4 Black-capped Chickadees,
1 Downy Woodpecker,
1 White-breasted Nuthatch and
1 Carolina Wren.

We had 25 birds altogether representing 12 species. The recaptured birds could all very well be local to the area. The White-breasted Nuthatch was a healthy female aged as an “After Second Year” (ASY). This means the bird is at least 3 years old but could be more. When she was released, she flew up into a nearby tree to rejoin her mate who appeared to be waiting for her there. Interestingly, her mate was recaptured a few days back and he is also a healthy “After Second Year” bird. They could very well be a long-standing couple. Once reunited, they instantly began chattering. We could not help but imagine that they were sharing their banding stories and were especially happy to be reunited. The exchange lasted only a few seconds and then they were back to the important activities of the day, foraging and family planning. We all stood and watched this endearing reunion in awe.

Cedar Waxwing

The special lesson of the day was ageing and sexing a Cedar Waxwing. One of the key characteristics, among others used, was the 8 red appendages indicating that this bird was an after second year (ASY) bird, according to Pyle.

These two days provided a chance to pay close attention to some key local and early migrant birds, each with their own story and unique characteristics.
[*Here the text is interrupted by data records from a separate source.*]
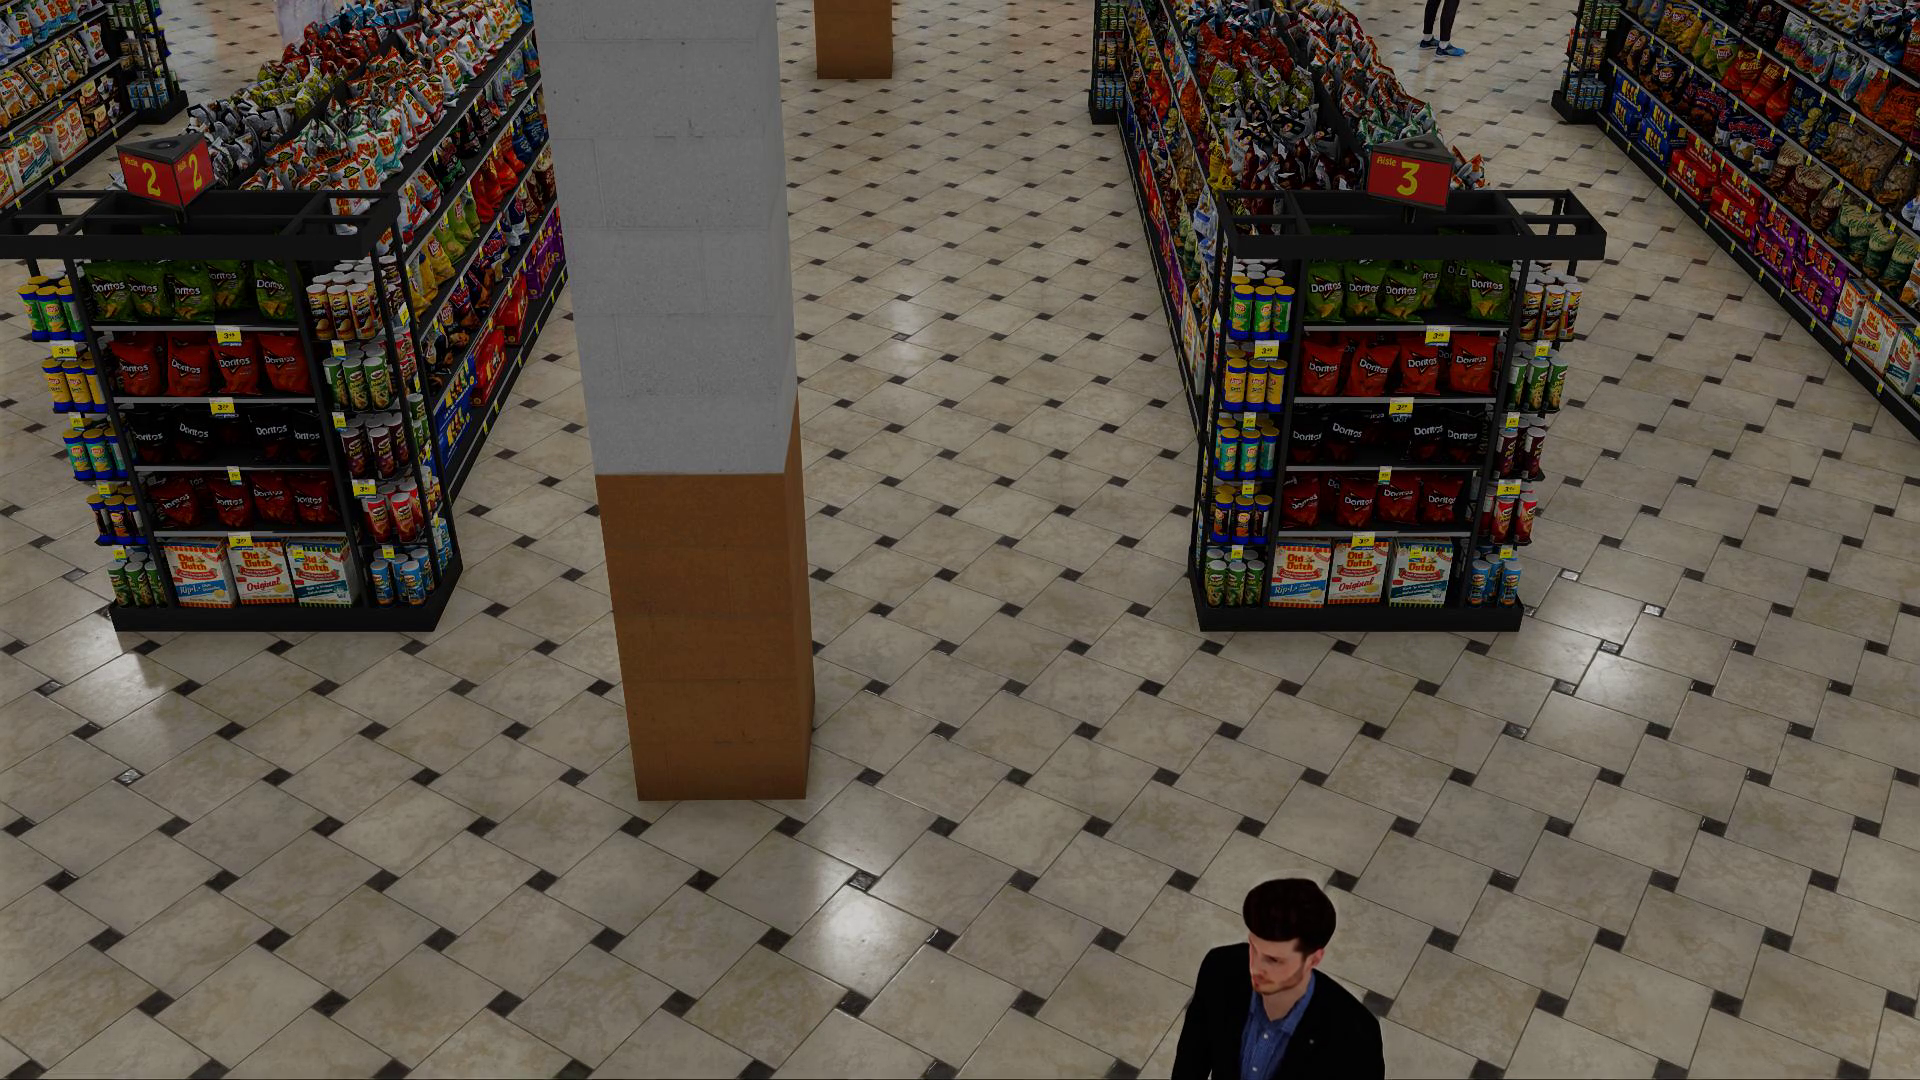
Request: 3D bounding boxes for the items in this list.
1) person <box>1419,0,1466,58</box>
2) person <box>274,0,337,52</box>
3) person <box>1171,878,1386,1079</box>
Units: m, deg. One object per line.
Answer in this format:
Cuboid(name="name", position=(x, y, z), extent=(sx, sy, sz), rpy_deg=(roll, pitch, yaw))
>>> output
Cuboid(name="person", position=(4.689, -5.570, 15.845), extent=(0.824, 1.828, 0.635), rpy_deg=(-10, 33, -16))
Cuboid(name="person", position=(-4.907, -3.635, 12.762), extent=(0.718, 1.800, 1.098), rpy_deg=(3, 32, 5))
Cuboid(name="person", position=(0.787, 1.581, 4.294), extent=(0.786, 1.891, 0.815), rpy_deg=(22, 38, 31))

Our banders and visitors, also each with a unique background and life experience, converged here, at the Lowville Banding Station, to share their fascination and deep passion for birds. The bird numbers were low, but the diversity of life was exceptional.
By Catherine Manschot, Volunteer, Lowville Banding Station

One thought on “April 7-11, 2022

  1. Nice write-ups folks!! Nice to see.
    And you’ve been having some good banding days too!!